■ **Goal of the exercise**: Apart from the pictures, every entry must be retyped exactly.

[Provided data — start]

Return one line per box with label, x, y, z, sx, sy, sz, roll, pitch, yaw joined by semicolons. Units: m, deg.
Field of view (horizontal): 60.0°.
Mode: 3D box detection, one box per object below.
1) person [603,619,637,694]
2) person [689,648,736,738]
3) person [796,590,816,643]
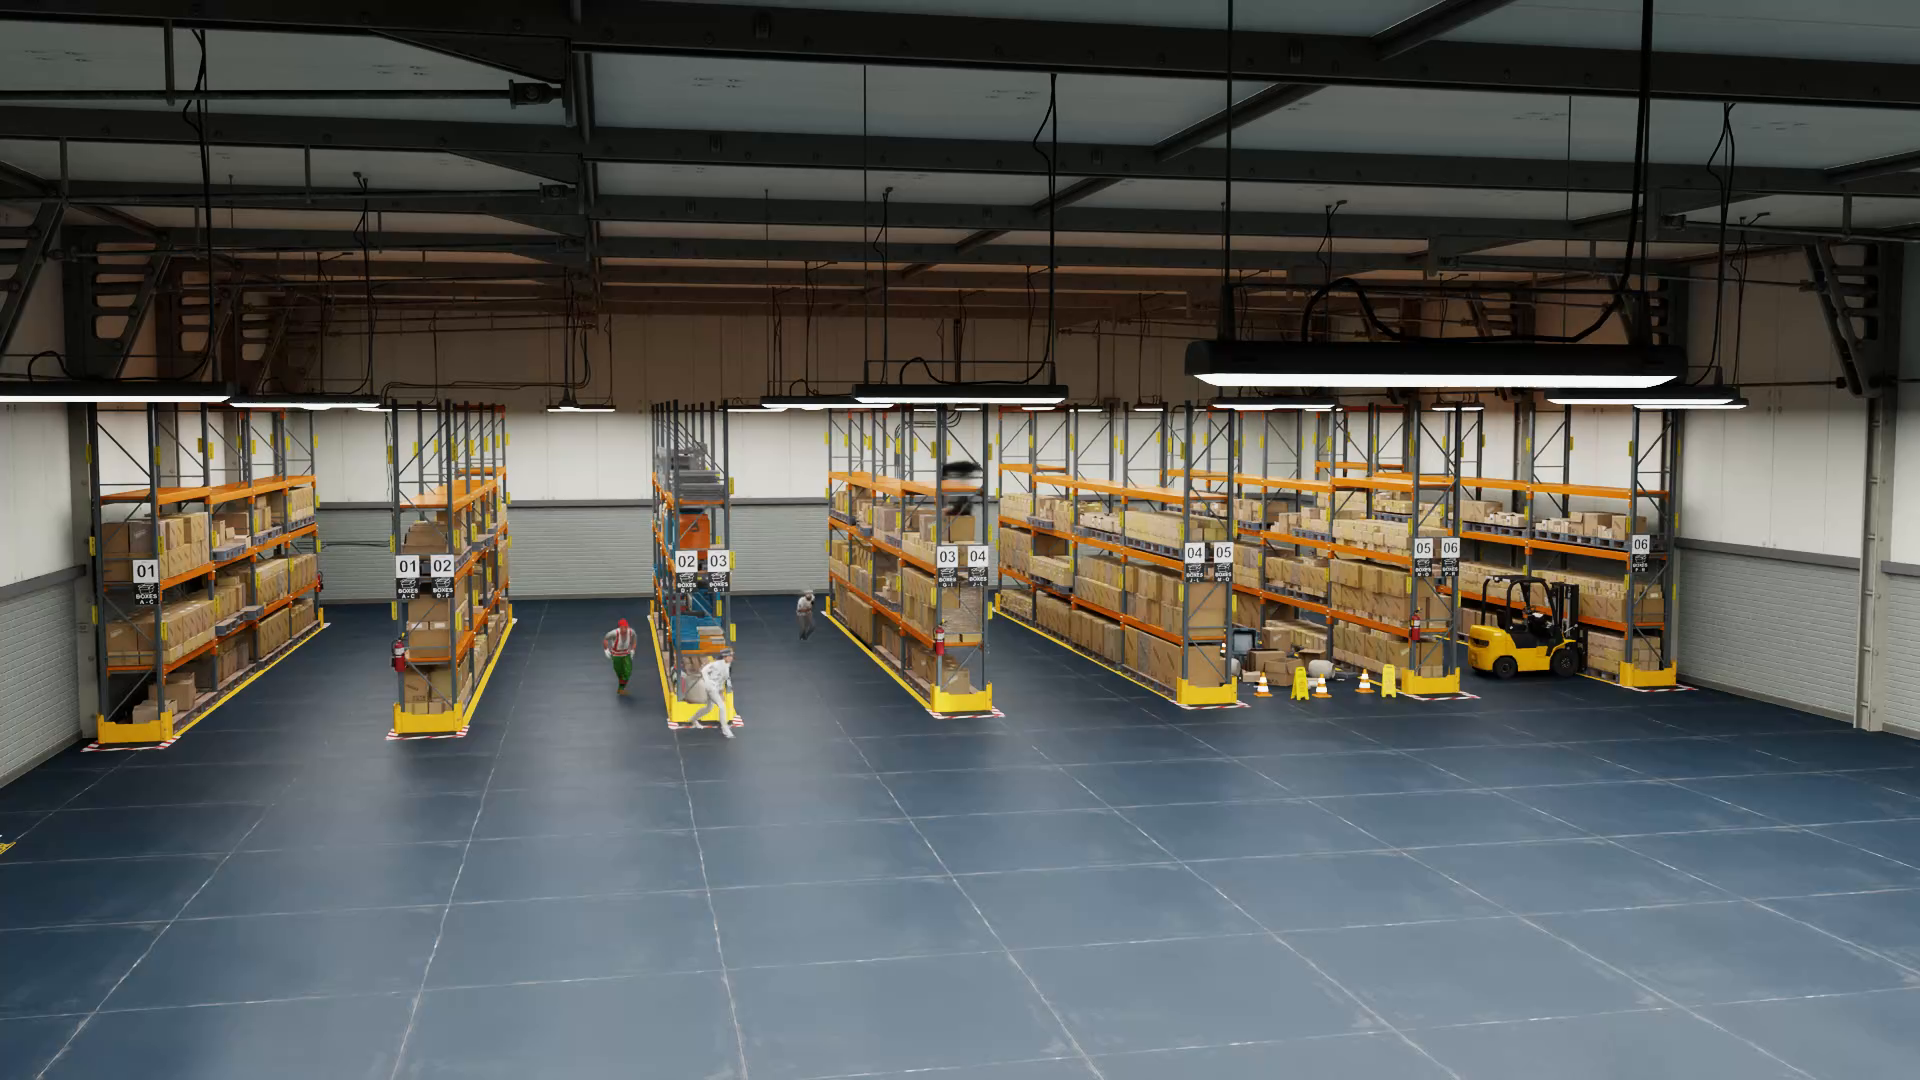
person;-6.951;2.379;34.013;0.679;1.588;0.951;-1;5;-19
person;-4.439;2.716;29.615;0.980;1.635;0.658;2;5;29
person;-3.843;1.916;41.469;0.577;1.397;0.940;-3;5;-32

[Provided data — finish]

■ **Response below**:
Return one line per box with label, x, y, z, sx, sy, sz, roll, pitch, yaw joined by semicolons. Units: m, deg.
Field of view (horizontal): 60.0°.
Mode: 3D box detection, one box per object below.
1) person [603,619,637,694]
2) person [689,648,736,738]
3) person [796,590,816,643]
person;-6.951;2.379;34.013;0.679;1.588;0.951;-1;5;-19
person;-4.439;2.716;29.615;0.980;1.635;0.658;2;5;29
person;-3.843;1.916;41.469;0.577;1.397;0.940;-3;5;-32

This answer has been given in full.